> _Data for analysis_:
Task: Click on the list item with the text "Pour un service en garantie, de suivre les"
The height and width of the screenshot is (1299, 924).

==

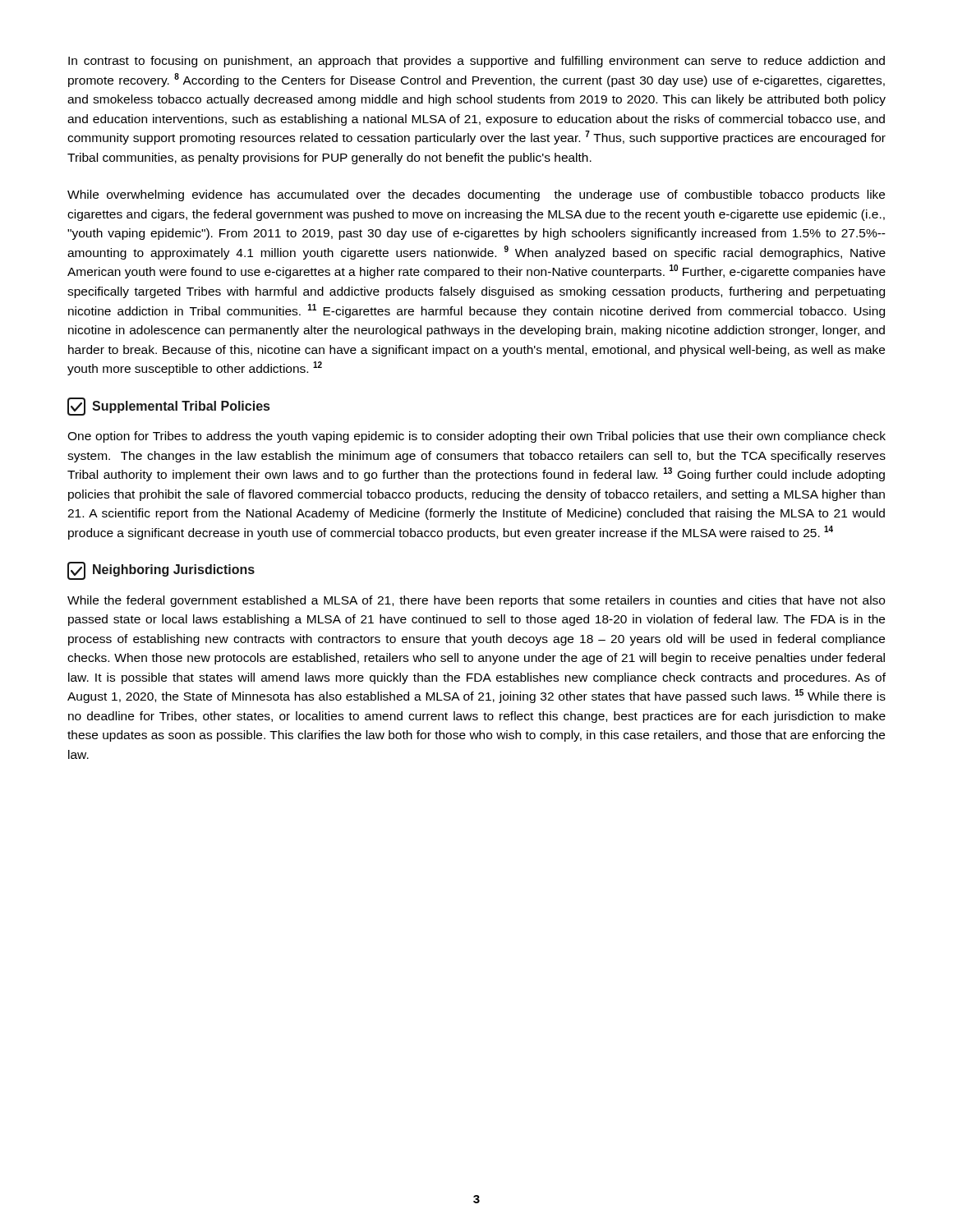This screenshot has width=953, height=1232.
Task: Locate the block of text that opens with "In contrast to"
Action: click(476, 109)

---

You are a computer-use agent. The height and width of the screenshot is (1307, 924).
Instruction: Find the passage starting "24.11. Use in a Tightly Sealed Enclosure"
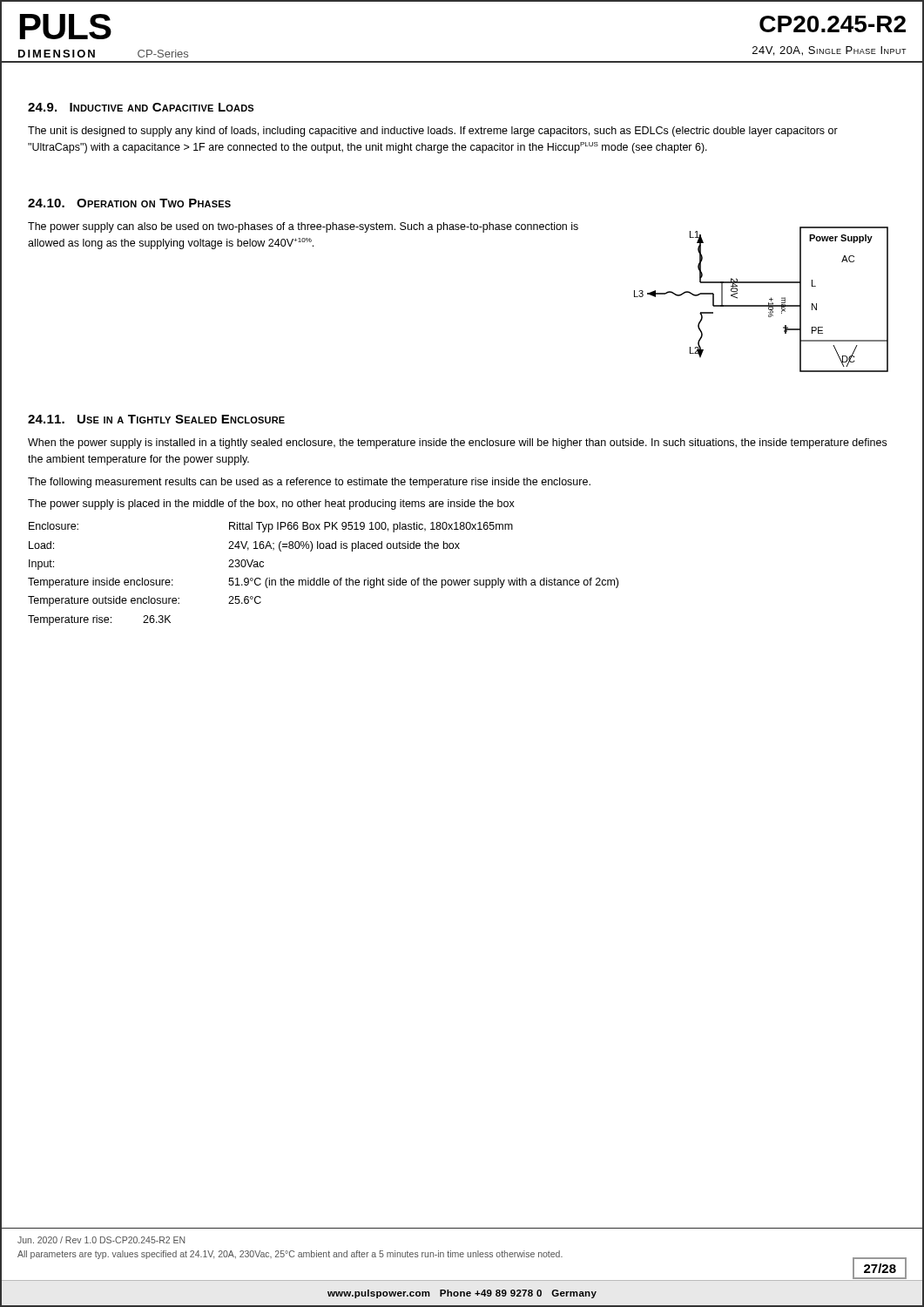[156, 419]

> _Activity_: In the entries above, find the line holding "Task: Click on" and the line holding "The height and width of the screenshot is (1299, 924)."; print both of them and every line between, exactly, and nothing else.

> _Answer to this exercise_:
Task: Click on the list item with the text "Pour un service en garantie, de suivre les"
The height and width of the screenshot is (1299, 924).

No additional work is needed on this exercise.